A RAM extension can be used to extend the main RAM, as video RAM, or as RAM disk. The MC6809 only supports an address range of 64 KByte, so a Memory Management unit (MMU) is used to map parts of the RAM extension into the available address range.

The MMU of the 384 KByte RAM extension is not very flexible as will be described later in the chapter describing the MMU which means that the upper 16 KByte of each RAM bank is only accessible under some restrictions. This is the reason why ELTEC promoted it only as a 288 KByte RAM extension. This limitations have been overcome with a hardware modification as will be described in the chapter for flexible MMU.

The following figure shows how this RAM extension is organized. There are six RAM banks with 16 KByte each. They can be identified as:

RAM bank	Bank identifier
6 x 16 KByte	$0C, $0D, $0E, $04, $05, $06
6 x 16 KByte	$08, $09, $0A, $00, $01, $02

Also referenced as 2 x 288 KByte RAM extension because not all applications are capable of using the whole 384 KByte of RAM. The following figure shows how this RAM extension is organized. There are two times six RAM banks with 64 KByte each. They can be identified as:

RAM bank	Bank identifier
6 x 64 KByte	$0C, $0D, $0E, $04, $05, $06
6 x 64 KByte	$08, $09, $0A, $00, $01, $02

Due to a limited address range of the MC6809 a memory management unit is necessary to map parts of the RAM extension into the available address range. The MMU consists of 16 Byte registers located at $FFE0 - $FFEF. They are write-only registers. When reading they always return $FF. Each register can map a 4 KByte memory segment.

MMU register	Target address range
$FFEF	$F000 - $FFFF
$FFEE	$E000 - $EFFF
$FFED	$D000 - $DFFF
$FFEC	$C000 - $CFFF
$FFEB	$B000 - $BFFF
$FFEA	$A000 - $AFFF
$FFE9	$9000 - $9FFF
$FFE8	$8000 - $8FFF
$FFE7	$7000 - $7FFF
$FFE6	$6000 - $6FFF
$FFE5	$5000 - $5FFF
$FFE4	$4000 - $4FFF
$FFE3	$3000 - $3FFF
$FFE2	$2000 - $2FFF
$FFE1	$1000 - $1FFF
$FFE0	$0000 - $0FFF

The RAM bank and source address range which is mapped is specified by the RAM bank identifier.

Example: When writing $0C into MMU register $FFE4 4 KByte RAM of RAM bank $0C is mapped into the target address range $4000 - $4FFF.

Which source address range is used depends on the RAM extension type: A 96 KByte RAM bank only has 16 KByte (address range $0000 - $3FFF). So in this example the address range of $0000 - $0FFF is mapped.
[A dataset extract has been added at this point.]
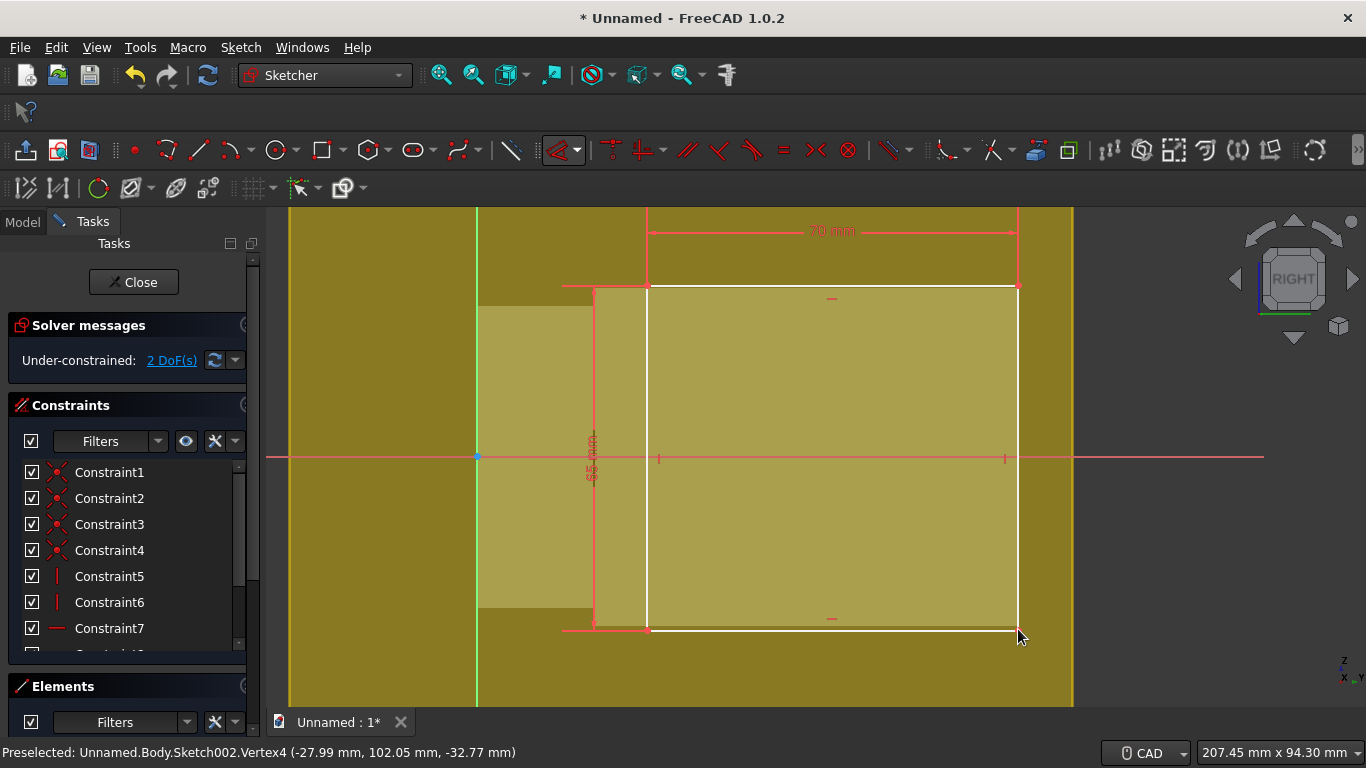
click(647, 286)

For 384 KByte RAM bank the source address range is always the same as the target address range. The blue arrows in the figures show by example which (blue marked) source address ranges can be mapped to which (also blue) target address ranges.

When writing $03, $07, $0B or $0F into any MMU register it's previous mapping is removed. Also the monitor program uses the MMU. To know the current state of all MMU registers the monitor program saves a copy of them into the address location $EFE0 - $EFEF. When writing to a MMU register the upper four bits should always be 0.

With a hardware modification also for the 384 KByte RAM extension it is possible to select the target address range (one out of four possibilities) where to map the 4 KByte RAM segment.

By using bit 4 and 5 of the MMU register the target address range can be selected:

MMU register value	Target address range
$0X	$0000 - $3FFF
$1X	$4000 - $7FFF
$2X	$8000 - $BFFF
$3X	$C000 - $FFFF

Example: When writing $2C into MMU register $FFE4 4 KByte RAM of RAM bank $0C is mapped into the target address range $8000 - $8FFF.

When writing to a flexible MMU register the upper two bits should always be 0.

As an optional hardware extension a realtime clock MC146818 is available. When it is enabled when booting FLEX the realtime clock is initialized in binary mode in 24 hour mode. The FLEX date is automatically set from the realtime clock. If the realtime clock is not present FLEX asks for the current date. It is accessible through memory mapped I/O in the address range $FD00 - $FD2F:

Address	Content
$FD00	Seconds ($00-$3B)
$FD01	Seconds Alarm ($00-$3B)
$FD02	Minutes ($00-$3B)
$FD03	Minutes Alarm ($00-$3B)
$FD04	Hours ($00-$17)
$FD05	Hours Alarm ($00-$17)
$FD06	Day of Week ($01-$07, Sunday=1)
$FD07	Date of Month ($01-$1F)
$FD08	Month ($01-$12)
$FD09	Year ($00-$63)
$FD0A	Register A
$FD0B	Register B
$FD0C	Register C
$FD0D	Register D
$FD0E - $FD2F	User RAM

For more details see MC146818 data sheet.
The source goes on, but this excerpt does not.